## [Data extracts]

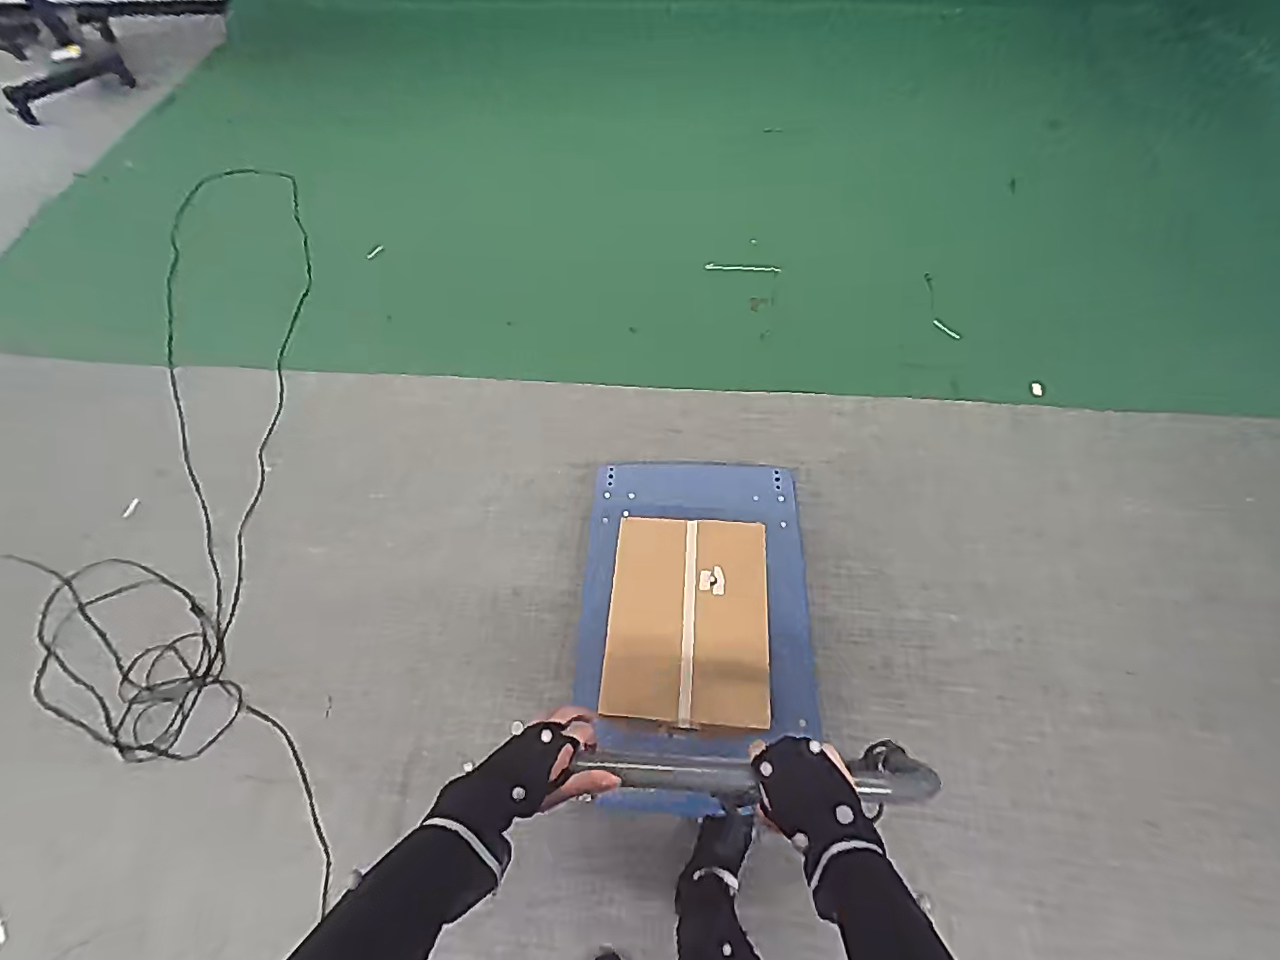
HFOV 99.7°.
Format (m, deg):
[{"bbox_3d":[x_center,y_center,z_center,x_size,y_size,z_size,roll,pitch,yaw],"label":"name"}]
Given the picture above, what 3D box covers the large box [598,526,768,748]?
[{"bbox_3d":[0.098,0.354,1.200,0.320,0.320,0.408,3,59,4],"label":"large box"}]

## [Work task]
What you return should be the whole listing, word for word, without its pictures.

## [Task response]
HFOV 99.7°.
Format (m, deg):
[{"bbox_3d":[x_center,y_center,z_center,x_size,y_size,z_size,roll,pitch,yaw],"label":"name"}]
Given the picture above, what 3D box covers the large box [598,526,768,748]?
[{"bbox_3d":[0.098,0.354,1.200,0.320,0.320,0.408,3,59,4],"label":"large box"}]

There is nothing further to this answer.